- About this exercise -
Print exactly and only the lines that run from the one containing "Represent the person" through the end of the material, please, omitting pictures.

- Supplied information -

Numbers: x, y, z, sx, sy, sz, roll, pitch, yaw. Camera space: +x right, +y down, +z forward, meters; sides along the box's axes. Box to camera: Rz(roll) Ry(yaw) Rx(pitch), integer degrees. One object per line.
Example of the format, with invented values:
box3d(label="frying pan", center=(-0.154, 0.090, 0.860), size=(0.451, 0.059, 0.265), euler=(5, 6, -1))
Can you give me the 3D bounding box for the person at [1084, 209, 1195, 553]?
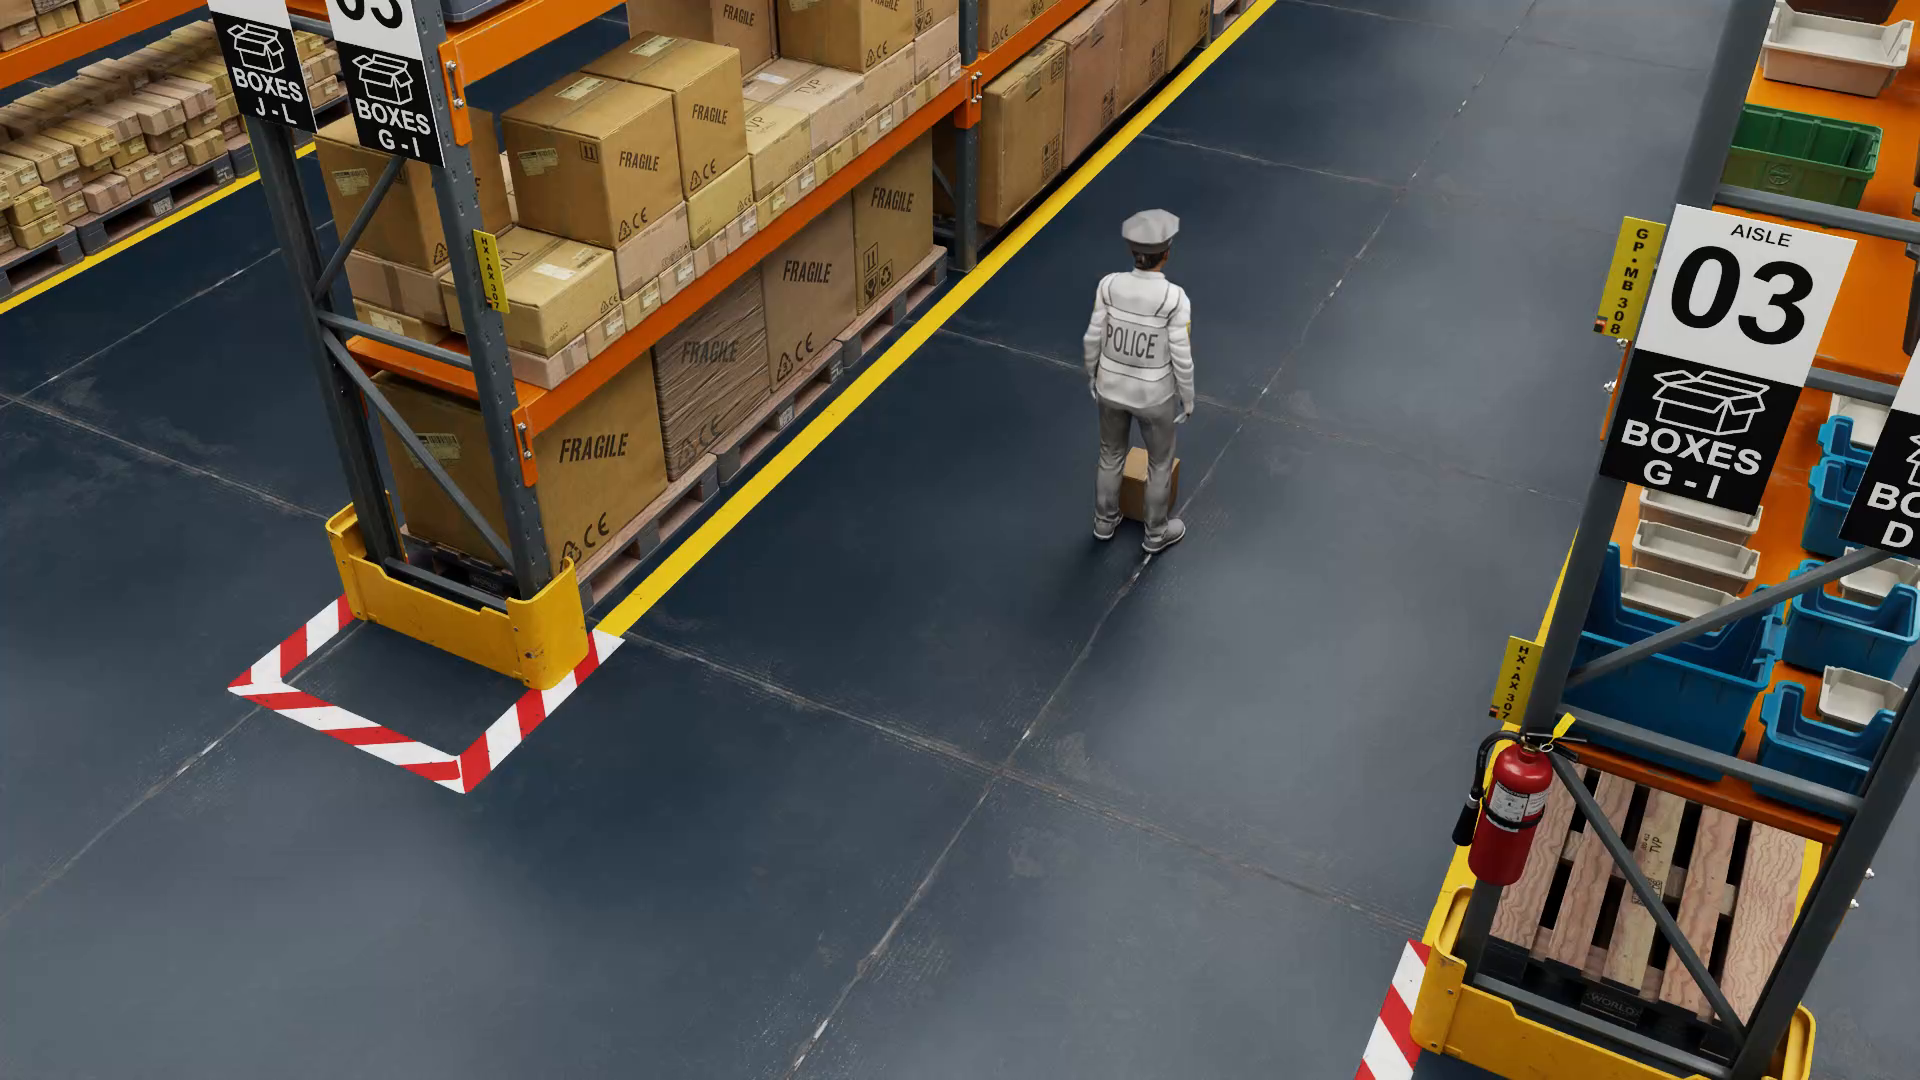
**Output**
box3d(label="person", center=(0.818, -0.687, 7.619), size=(0.528, 1.664, 0.372), euler=(18, 42, 21))
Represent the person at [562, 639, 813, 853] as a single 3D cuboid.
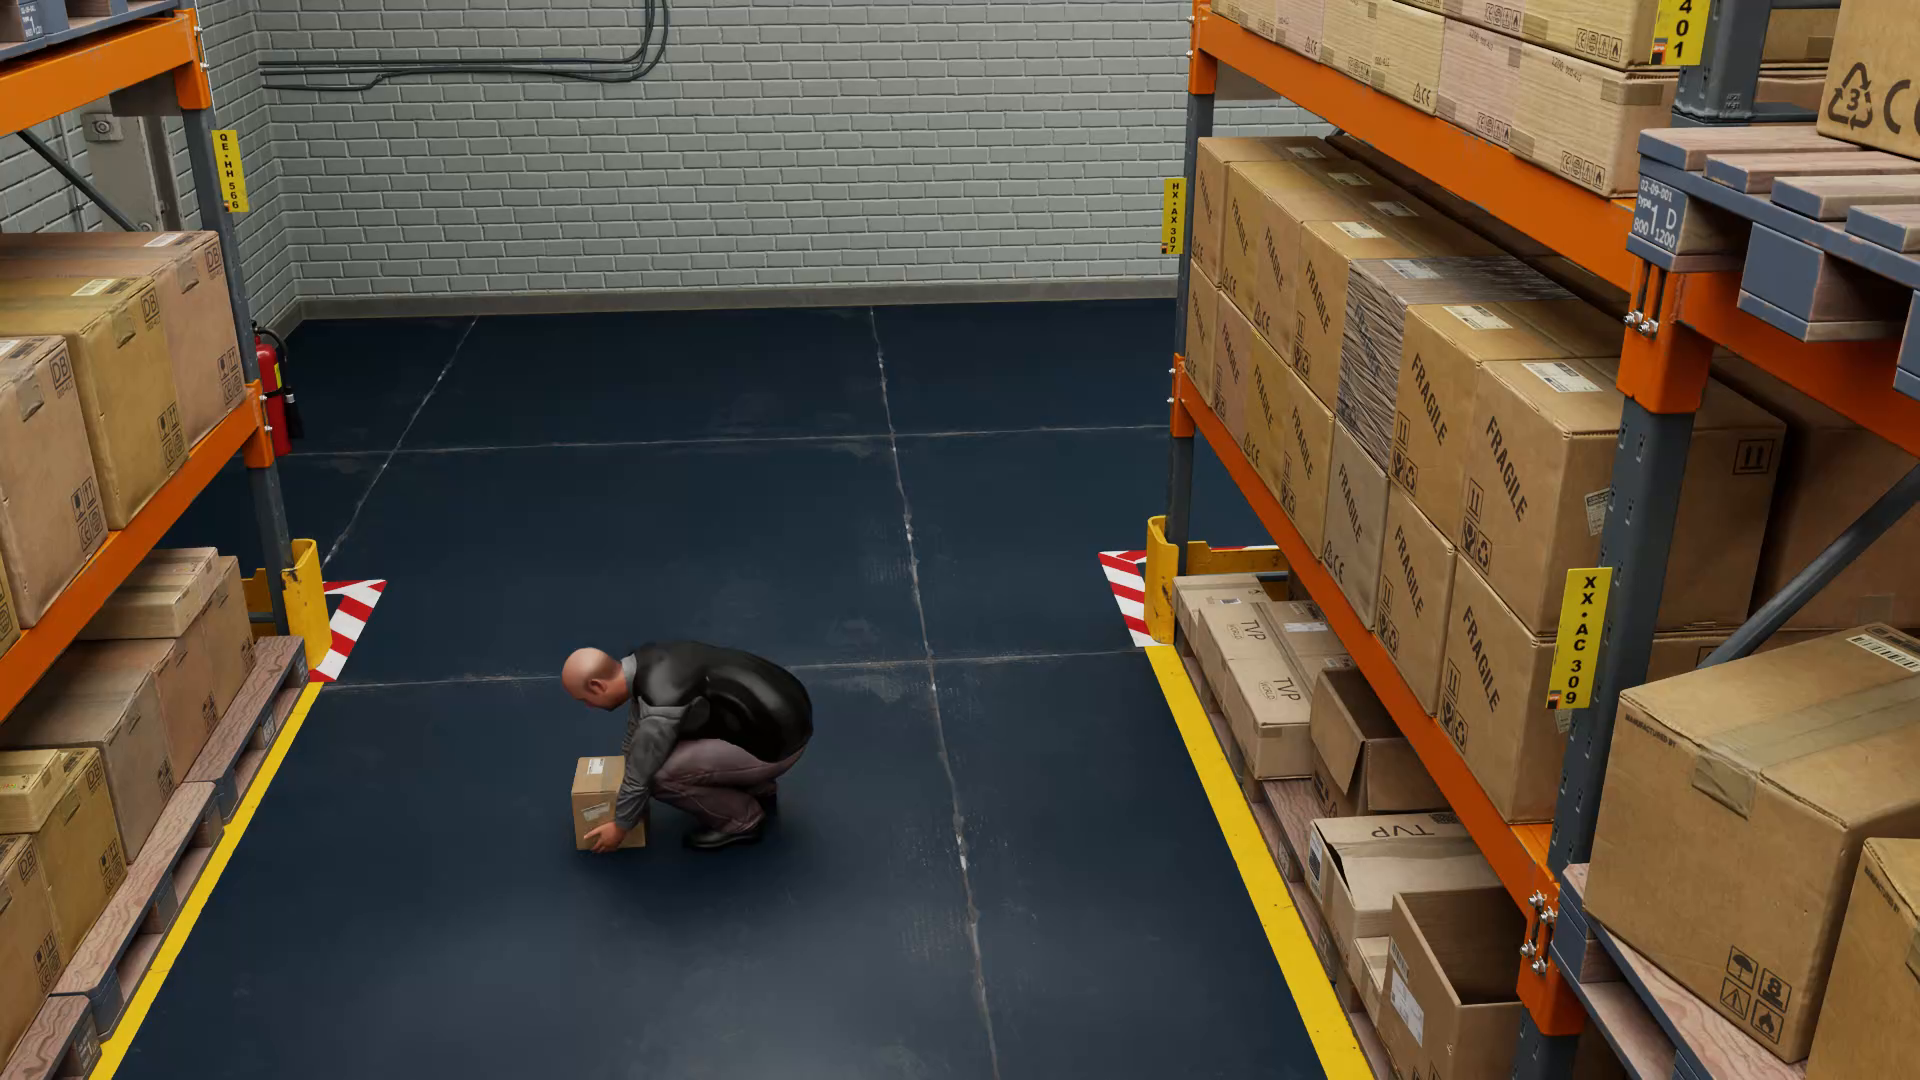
[{"bbox_3d":[-0.986,0.739,6.151,0.886,0.830,0.526,-2,24,-5],"label":"person"}]

- Result -
Represent the person at [562, 639, 813, 853] as a single 3D cuboid.
[{"bbox_3d":[-0.986,0.739,6.151,0.886,0.830,0.526,-2,24,-5],"label":"person"}]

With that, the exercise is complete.